China still starves farmers out. East Asia is still undeveloped enough to have people die of illness every fucking day bc their elite sell the masses out to slavery in factories. Russia still has a complex against us and for world power. The Middle East and all the African genocides have been fueled by weapons from Soviet-Bloc countries.

There's really not much argument to be made about the legitimacy of US vs the U.S.S.R. or China.

And don't say it was us who influenced all this--it was modernity at large.

>Not literature-related. Saged and Reported.
He's written many books, some of which have received considerable attention.

>So now a very, very complicated market crash is entirely our fault?

Who is "our". It is the fault of the people you allow to control you, yes.
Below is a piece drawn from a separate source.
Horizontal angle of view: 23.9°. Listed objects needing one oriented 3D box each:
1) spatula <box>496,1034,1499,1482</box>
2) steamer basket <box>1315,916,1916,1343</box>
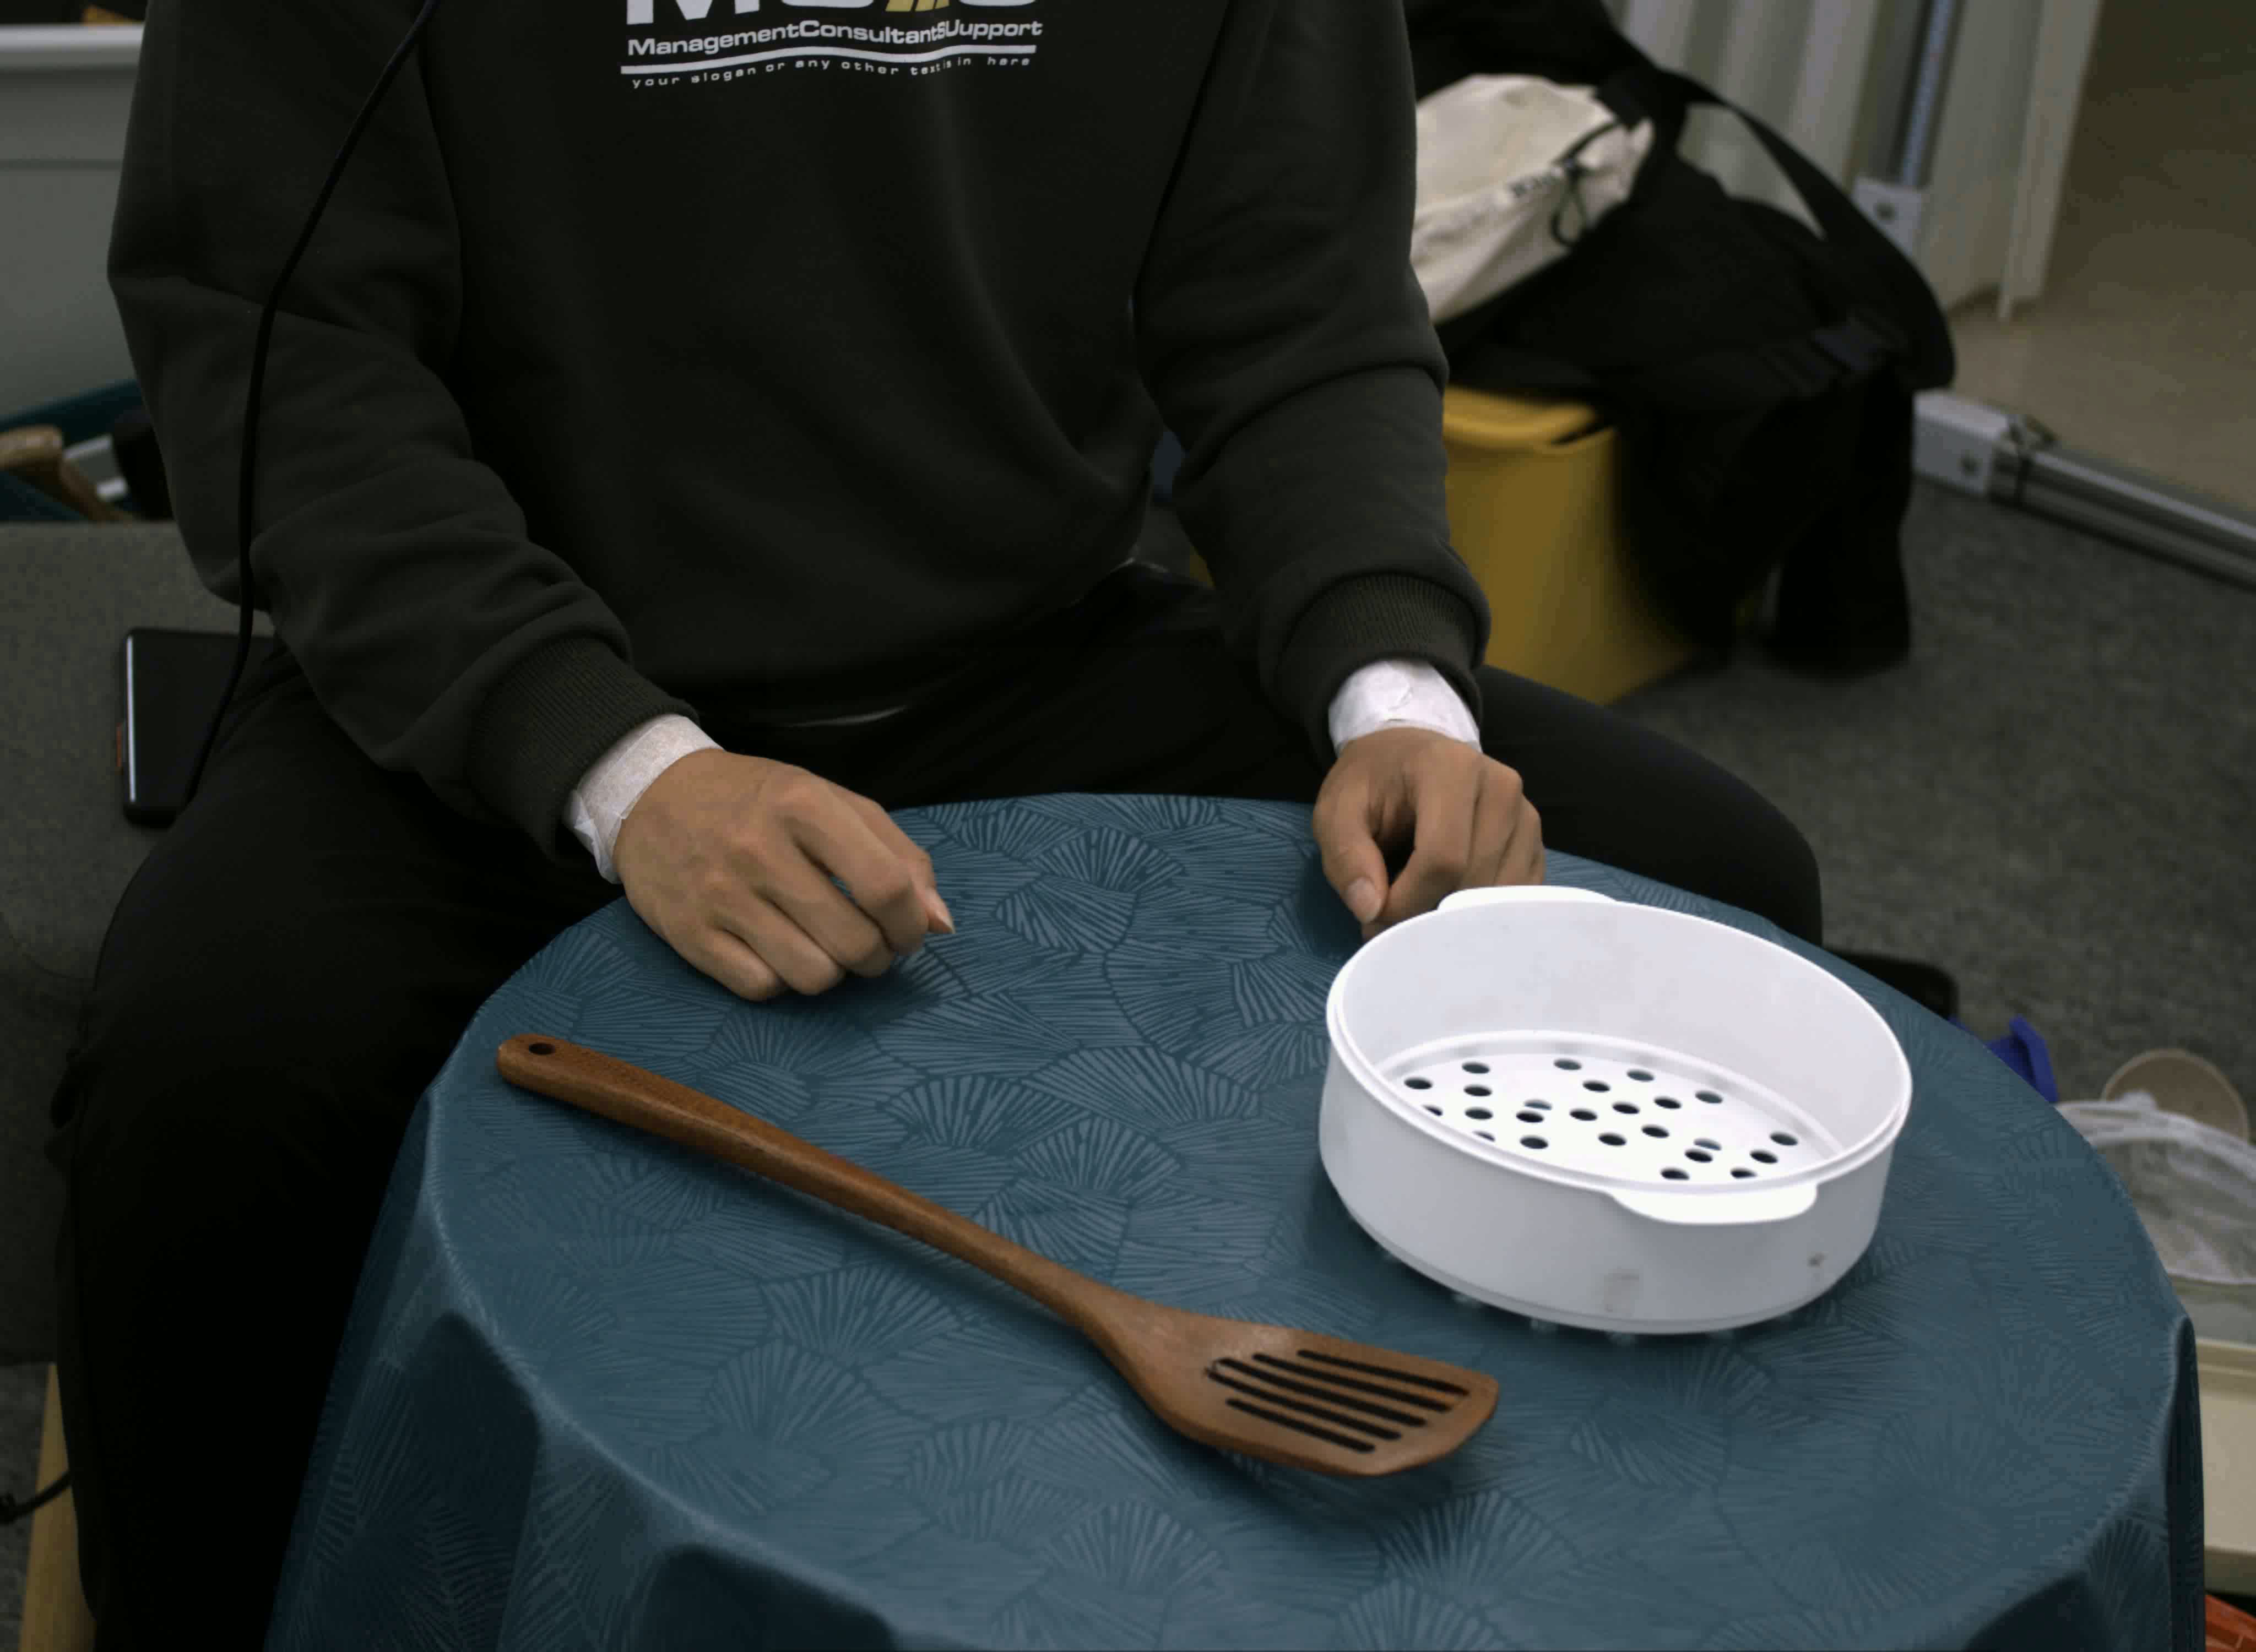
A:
[{"bbox_3d":[-0.057,0.138,1.741,0.387,0.023,0.085,21,27,29],"label":"spatula"},{"bbox_3d":[0.164,0.104,1.813,0.200,0.069,0.232,1,24,-16],"label":"steamer basket"}]

If you get cancer, and you're put in the same position, you have the entirety of yourself to blame if you only blame yourself pathetically, and not the other endless numbers in control.

It's your duty as an American, since your country judges others under the same regard. They do that, because they know it feels good. It's convoluted sure. But if you can't separate that from your nation in what it stands for, what does America even stand for or promise?

>Let me guess, you watching The Big Short and think you have a grasp on what happened?

No not at all.

>There were maybe six people in the know, none of whom knew what kind of bubble they created.

More than six. It was Bush policy that allowed it to happen, policy we defend viciously to this day.

>If we're going to include economic killings and non-treatment of the sick, than this world we've lived in has killed more than 10 billion people

Yes.

>China still starves farmers out.

I never denied they did. They very much did. Death is death.

>East Asia is still undeveloped enough to have people die of illness every fucking day bc their elite sell the masses out to slavery in factories.

Factories to make your niece her toys, and your cousin equipment.

Countries the western world has enough to help but never will. It's my money, my power, and my toys, the world can't have any of it.

>There's really not much argument to be made about the legitimacy of US vs the U.S.S.R. or China.

There is plenty to be made, we just don't judge ourselves on our own standards.